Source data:
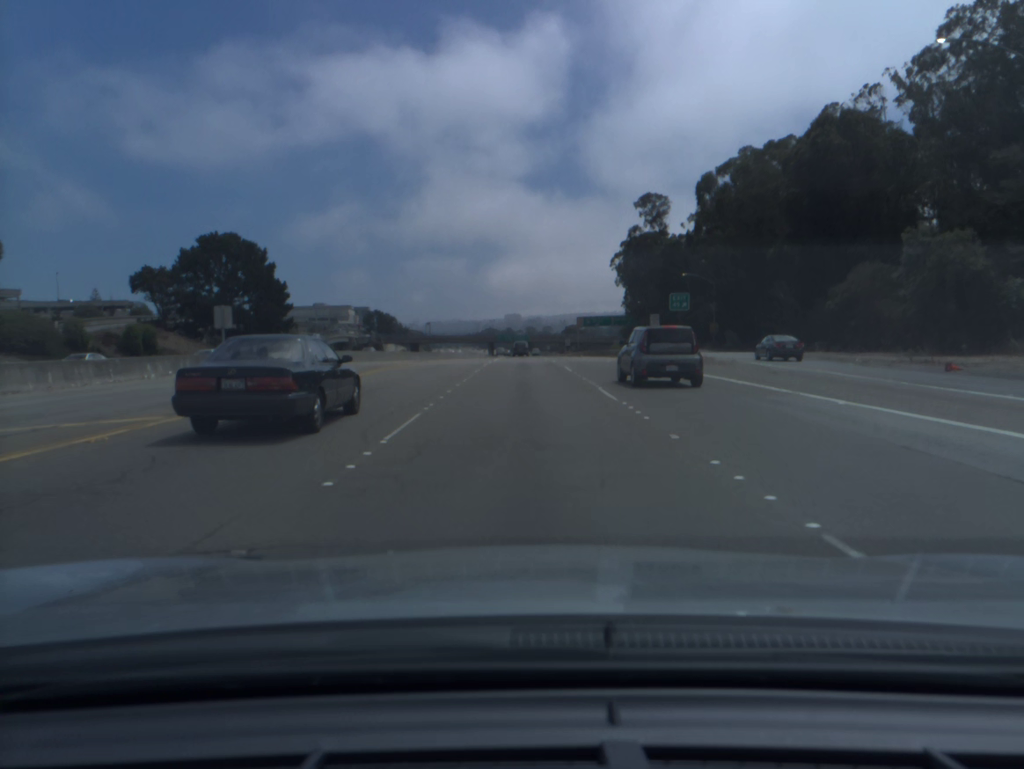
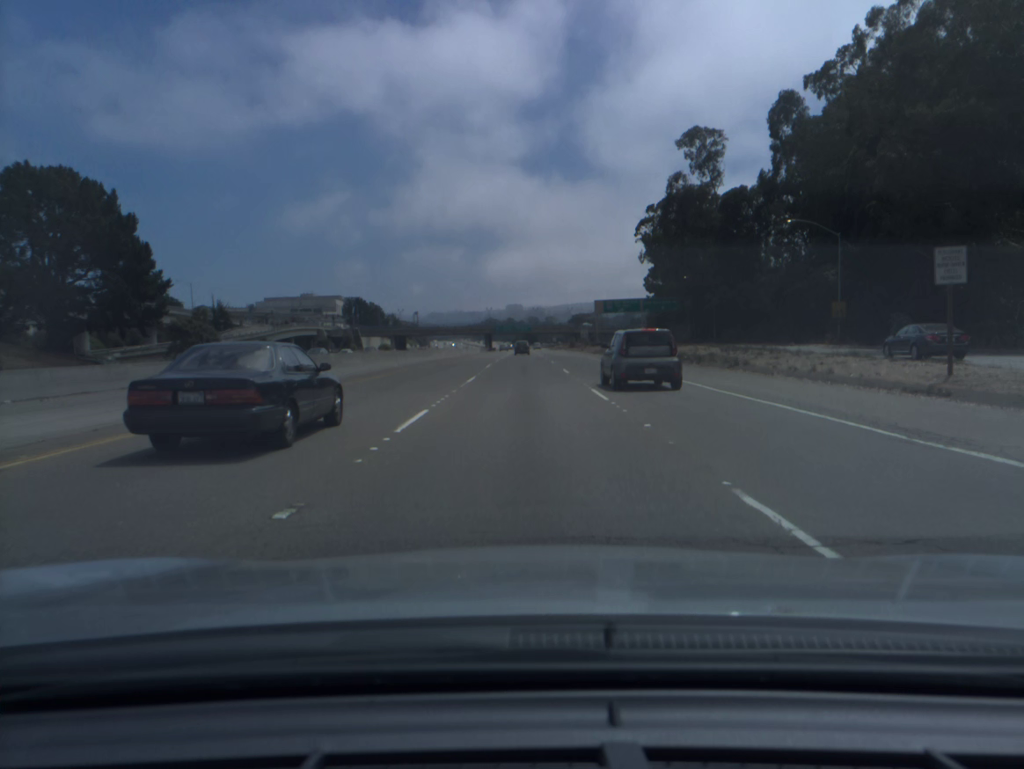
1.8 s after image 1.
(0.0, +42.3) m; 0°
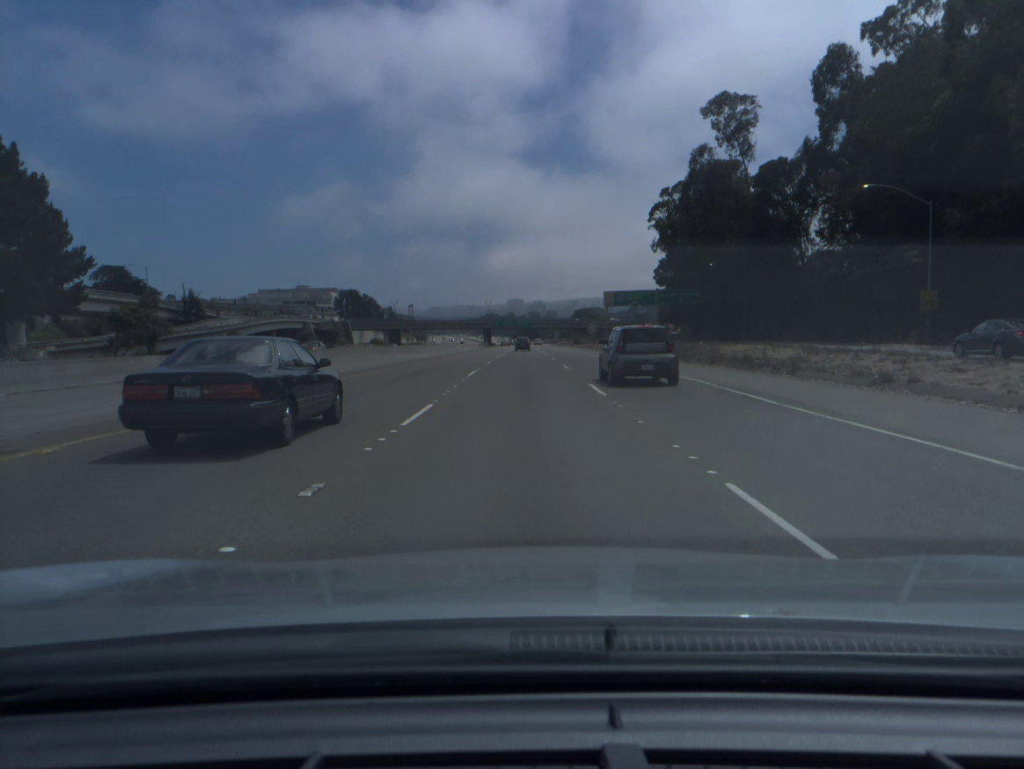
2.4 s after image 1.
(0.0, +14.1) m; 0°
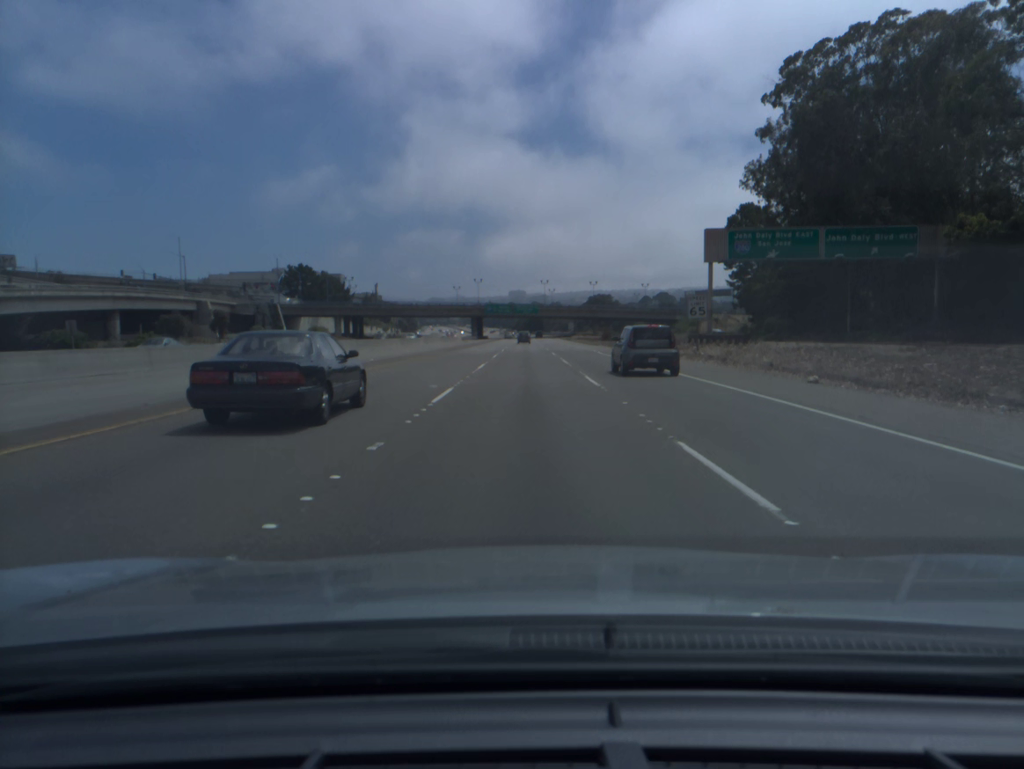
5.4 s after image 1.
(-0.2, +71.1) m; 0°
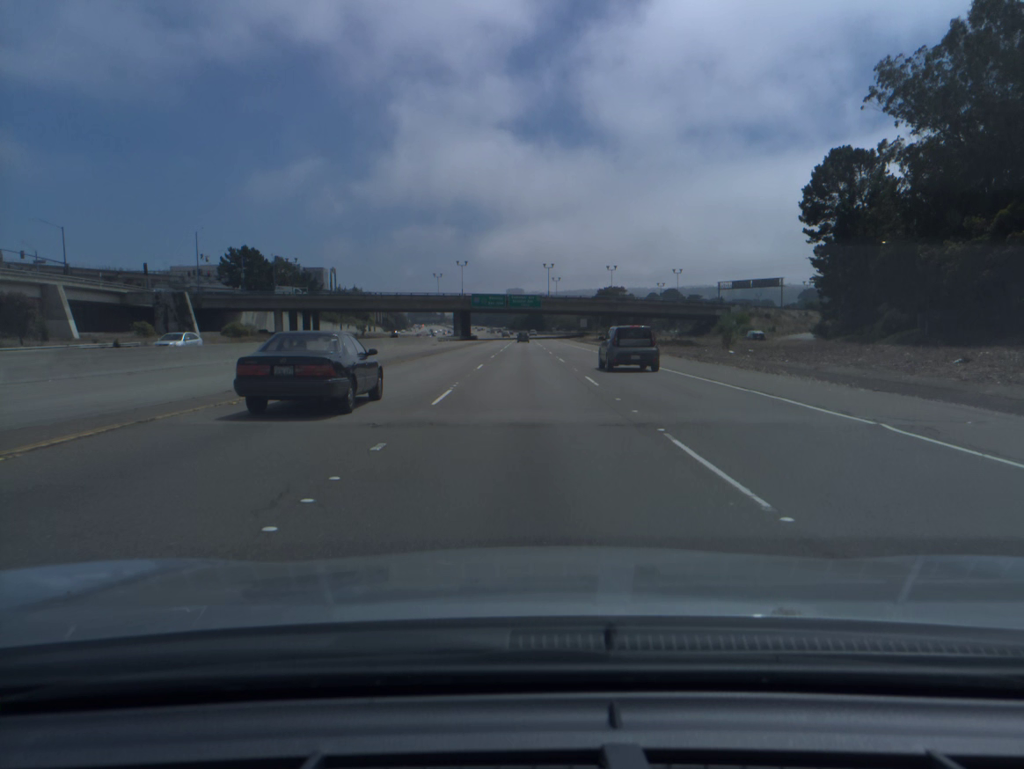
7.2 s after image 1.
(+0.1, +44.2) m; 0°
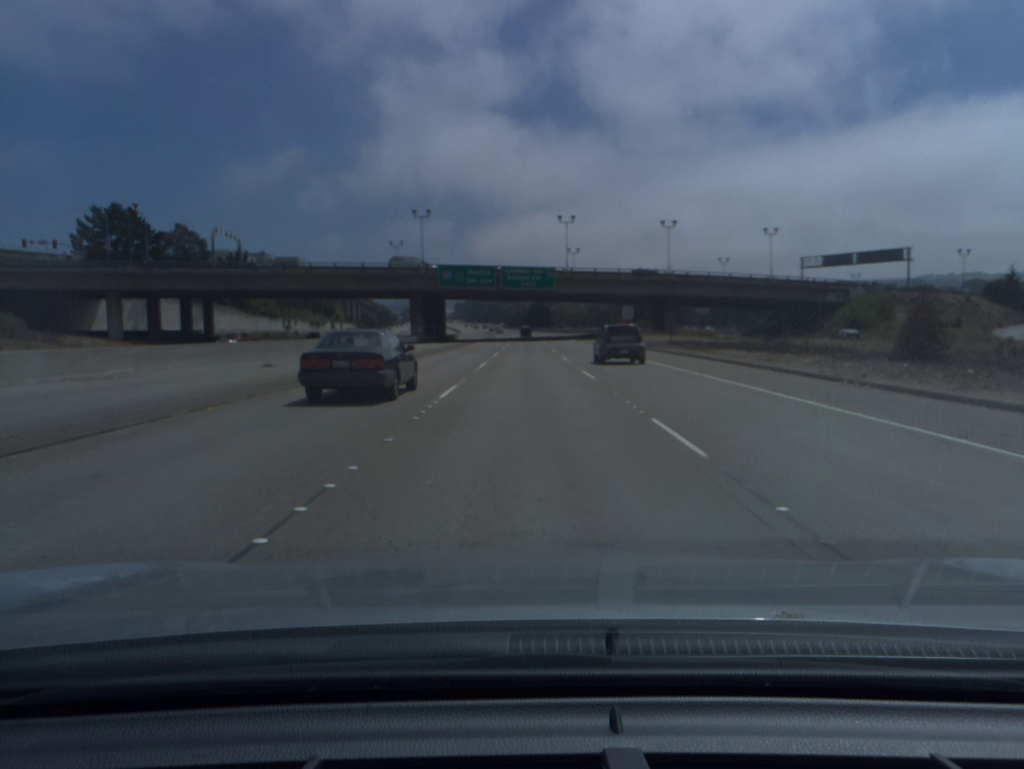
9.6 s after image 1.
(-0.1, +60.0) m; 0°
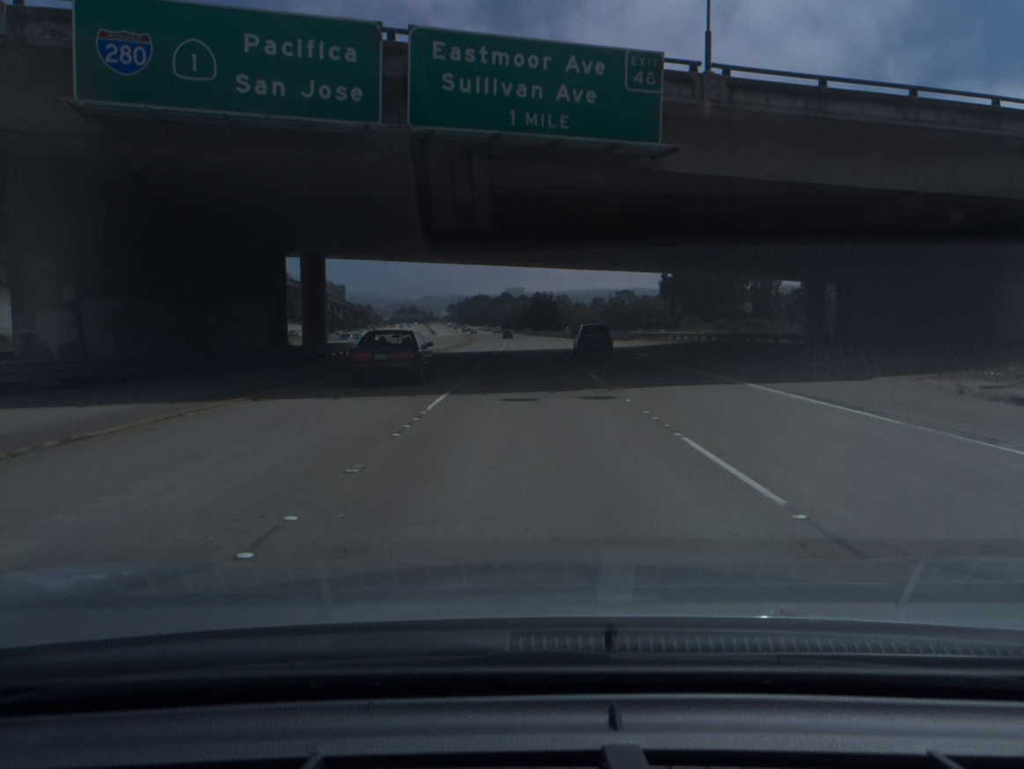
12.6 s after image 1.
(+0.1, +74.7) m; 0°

What the exercise asks:
Type the entries above out again exactly, with no pictures.

Task output:
1.8 s after image 1.
(0.0, +42.3) m; 0°
2.4 s after image 1.
(0.0, +14.1) m; 0°
5.4 s after image 1.
(-0.2, +71.1) m; 0°
7.2 s after image 1.
(+0.1, +44.2) m; 0°
9.6 s after image 1.
(-0.1, +60.0) m; 0°
12.6 s after image 1.
(+0.1, +74.7) m; 0°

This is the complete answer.